#### DATASET EXCERPTS:
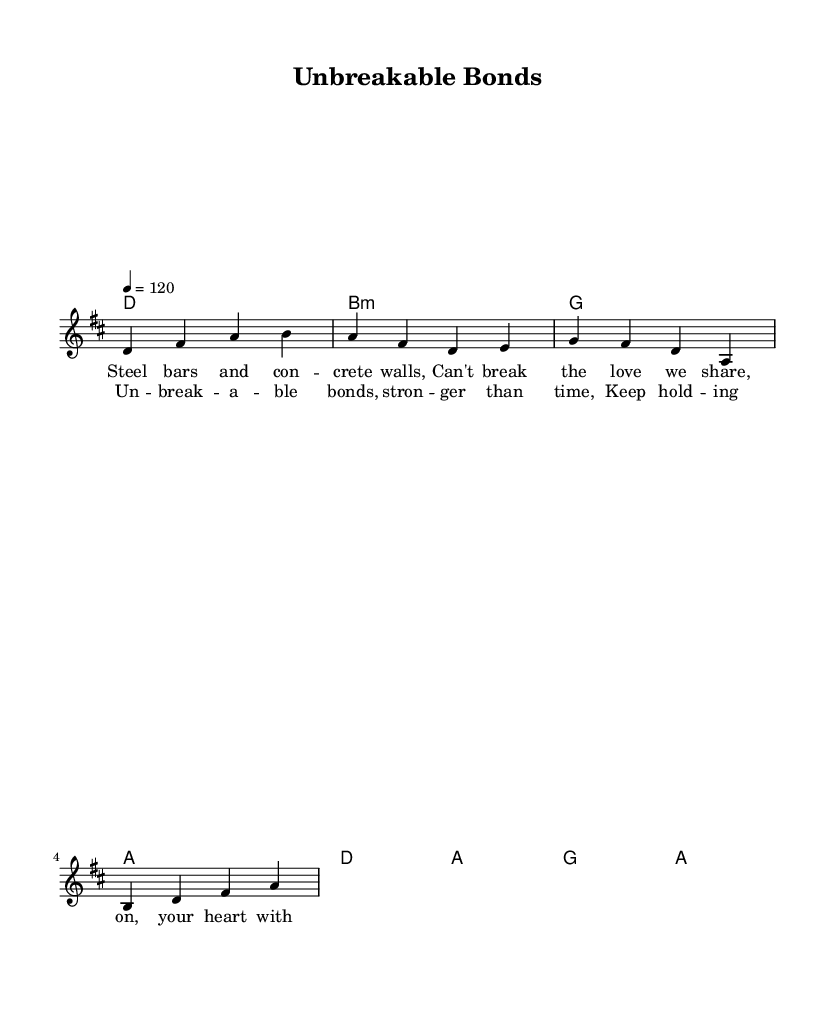What is the key signature of this music? The key signature is D major, which has two sharps (F# and C#). You can find the key signature usually indicated at the beginning of the staff.
Answer: D major What is the time signature of this music? The time signature is 4/4, which means there are four beats per measure. This information is shown right after the key signature in the score.
Answer: 4/4 What is the tempo marking of this piece? The tempo marking is 120 beats per minute. It is indicated above the staff at the beginning of the score.
Answer: 120 How many measures are in the melody section? There are four measures in the melody section. This can be determined by counting the groups of beats or bars marked by vertical lines in the staff.
Answer: 4 What is the first lyric line of the verse? The first lyric line of the verse is "Steel bars and concrete walls." This is noted below the melody section, matching the corresponding melody notes.
Answer: Steel bars and concrete walls What emotion do the lyrics convey about family bonds? The lyrics convey a sense of resilience and strength despite physical separation, emphasizing that love persists even through challenges. This can be interpreted from the themes presented in both the verse and chorus sections of the music.
Answer: Resilience How does the harmony contribute to the overall punk feel of the song? The harmony includes strong, straightforward chords typically found in punk music, such as major and minor triads, creating an energetic and powerful sound. The harmonic choices reflect the genre's characteristics of simplicity and emotional honesty.
Answer: Energetic

#### TASK TO COMPLETE:
Exactly reproduce the entries above, minus the pictures.

#### RESULT FOR THIS EXERCISE:
What is the key signature of this music? The key signature is D major, which has two sharps (F# and C#). You can find the key signature usually indicated at the beginning of the staff.
Answer: D major What is the time signature of this music? The time signature is 4/4, which means there are four beats per measure. This information is shown right after the key signature in the score.
Answer: 4/4 What is the tempo marking of this piece? The tempo marking is 120 beats per minute. It is indicated above the staff at the beginning of the score.
Answer: 120 How many measures are in the melody section? There are four measures in the melody section. This can be determined by counting the groups of beats or bars marked by vertical lines in the staff.
Answer: 4 What is the first lyric line of the verse? The first lyric line of the verse is "Steel bars and concrete walls." This is noted below the melody section, matching the corresponding melody notes.
Answer: Steel bars and concrete walls What emotion do the lyrics convey about family bonds? The lyrics convey a sense of resilience and strength despite physical separation, emphasizing that love persists even through challenges. This can be interpreted from the themes presented in both the verse and chorus sections of the music.
Answer: Resilience How does the harmony contribute to the overall punk feel of the song? The harmony includes strong, straightforward chords typically found in punk music, such as major and minor triads, creating an energetic and powerful sound. The harmonic choices reflect the genre's characteristics of simplicity and emotional honesty.
Answer: Energetic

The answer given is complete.